Le secteur a pris conscience qu’un retour en arrière n’est pas possible. Nous avons souscrit au principe de rendre le système financier plus sûr, plus solide. Le tout est de voir comment atteindre cet objectif : quelles mesures prendre, à quel rythme, etc. Ces questions-là sont en train d’être réglées. Cela prend forcément du temps.

L’argument des banques : si on nous impose des taxes ou des règles trop strictes en matière de liquidité, nous pourrons octroyer moins de crédits et cela ralentira la croissance. N’est-ce pas du chantage ?

On ne peut pas sous-estimer le rôle de moteur que les banques jouent pour l’économie. Prendre des mesures pour sécuriser le système, oui, mais il faut tenir compte des conséquences. Il ne s’agit absolument pas de chantage. Nous voulons avoir une vision globale des mesures envisagées, de leurs coûts pour les banques et de leur impact pour l’économie.
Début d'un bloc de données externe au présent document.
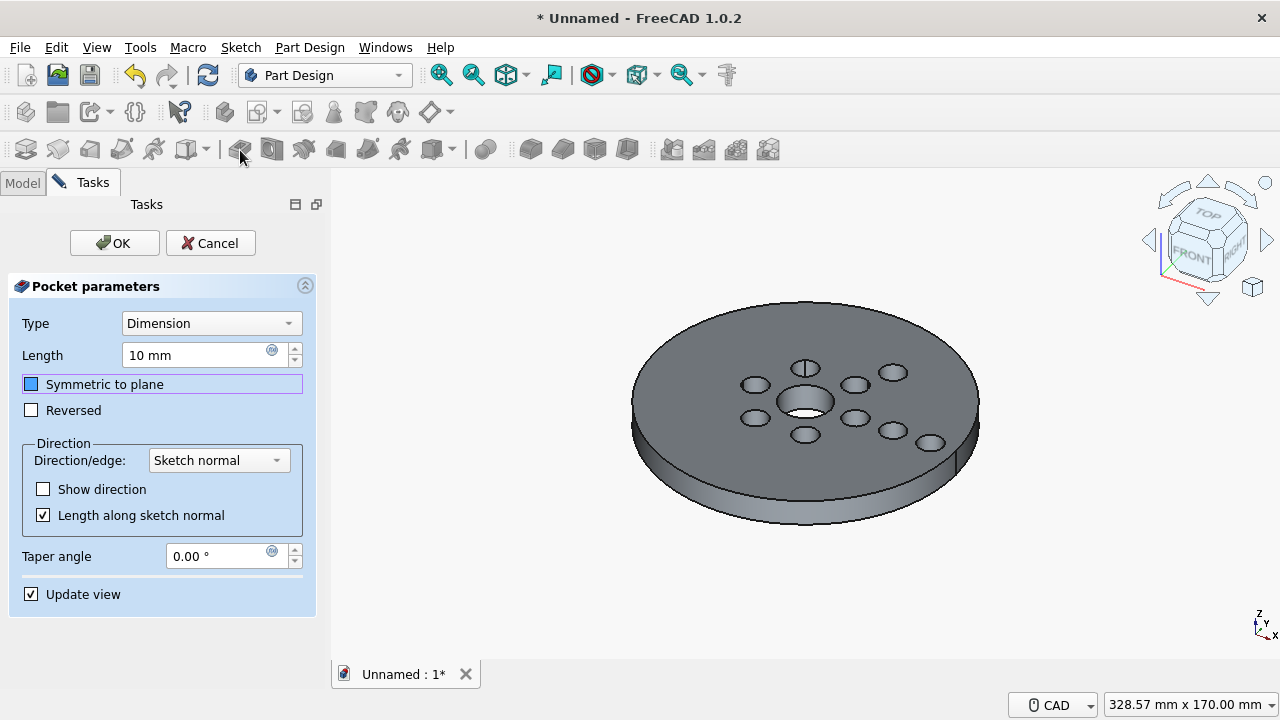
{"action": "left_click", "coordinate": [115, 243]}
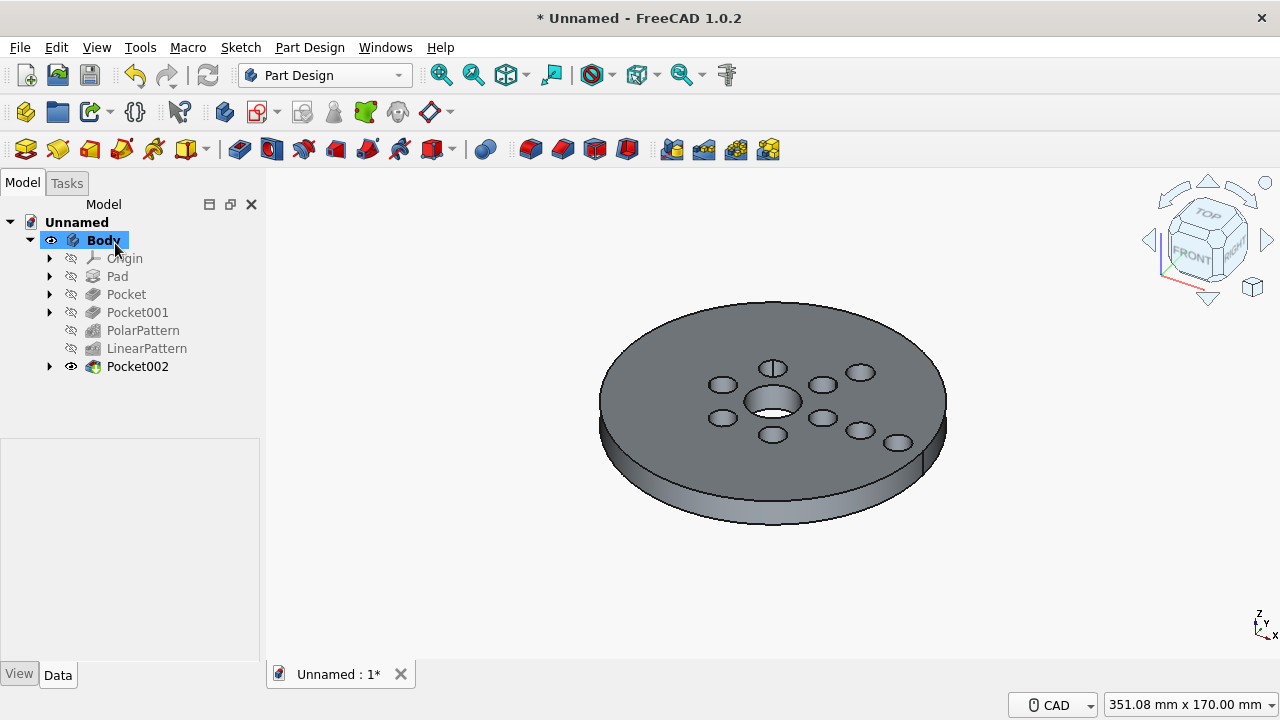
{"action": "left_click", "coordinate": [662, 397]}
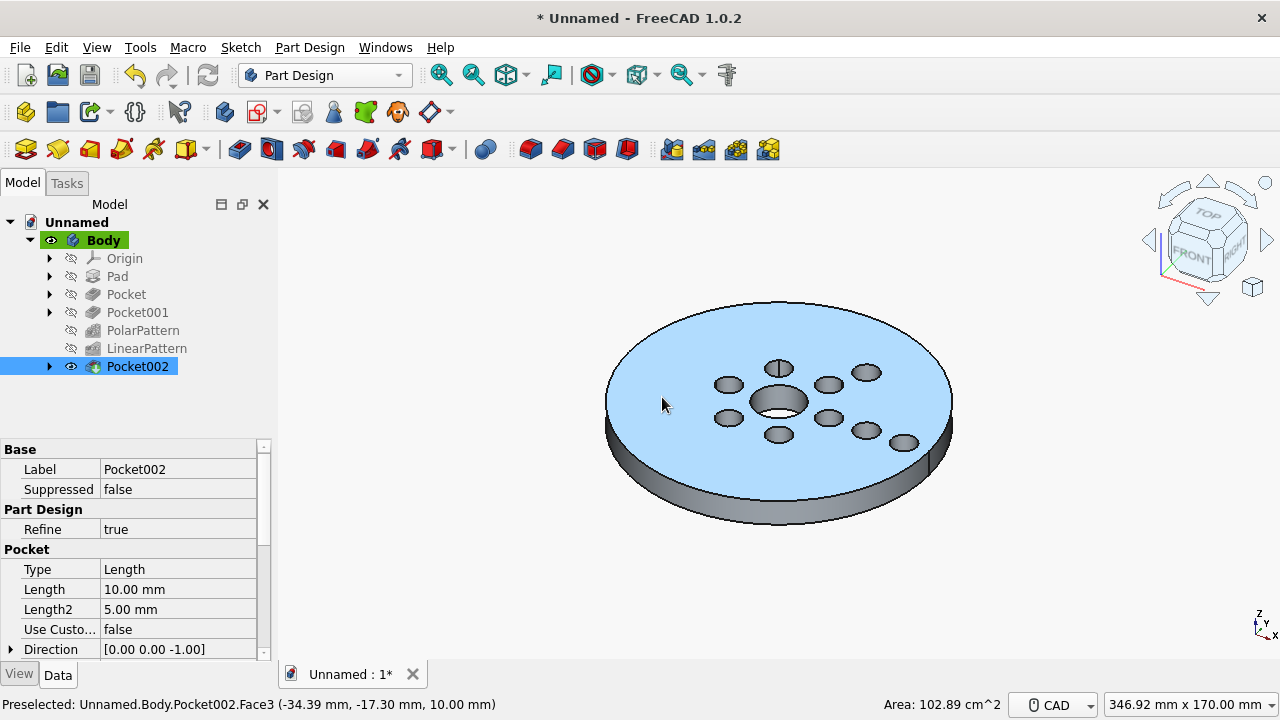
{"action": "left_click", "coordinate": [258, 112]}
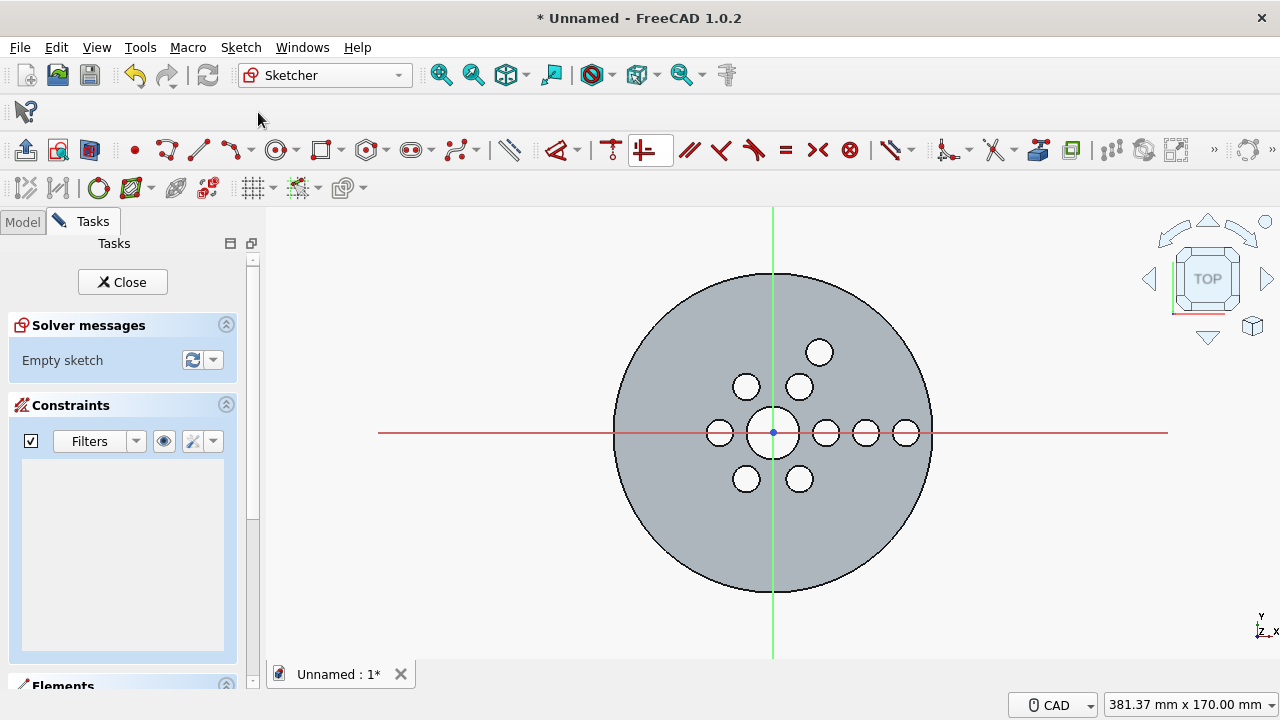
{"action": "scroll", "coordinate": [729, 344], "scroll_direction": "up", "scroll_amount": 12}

Les nouvelles règles préconisées visent à freiner l’activité spéculative des banques, mais les banques sont-elles vraiment prêtes à ne plus spéculer ?
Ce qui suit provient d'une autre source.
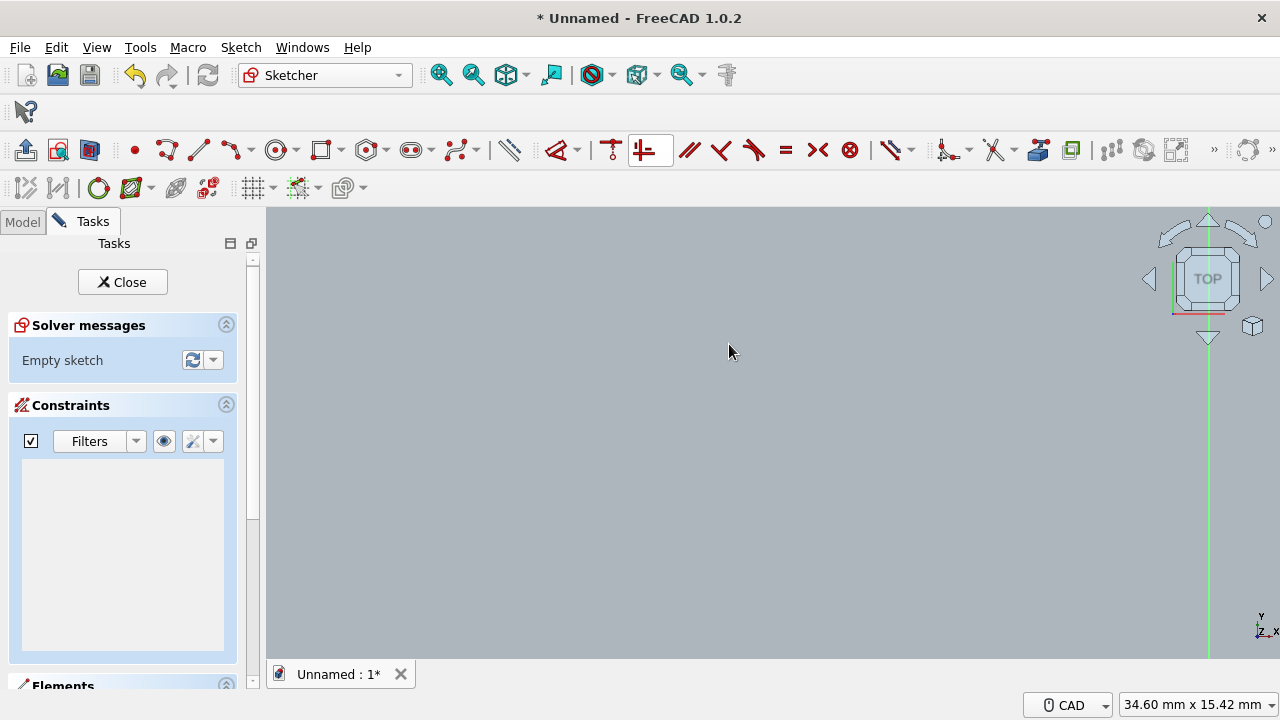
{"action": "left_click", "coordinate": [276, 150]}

C’est vrai, beaucoup de décisions vont dans ce sens-là : le corporate governance, les mesures sur les bonus et rémunérations, maintenant Bâle III. Tout cela aura un effet sur le comportement des banques. Le secteur ne s’oppose pas à ce principe. Il veut être et rester un partenaire constructif dans les discussions.

Pourtant, la taxe Tobin, qui est minime et ne cible que la spéculation, connaît beaucoup de détracteurs au sein des grandes banques…

Pas seulement au sein des banques. Au dernier conseil Ecofin, les Etats eux-mêmes ont manifesté des divergences sur la global banking tax et ses composantes. Les discussions doivent continuer, lors du prochain Ecofin le 30 septembre. Certains pays ont émis la crainte de voir certaines activités financières se délocaliser avec une taxe comme la taxe Tobin qui ne fera pas l’unanimité au niveau mondial.

Les spécialistes annoncent l’arrivée de nouveaux produits toxiques. Tout recommence comme avant ? Ou le marché est-il en train de s’assainir ?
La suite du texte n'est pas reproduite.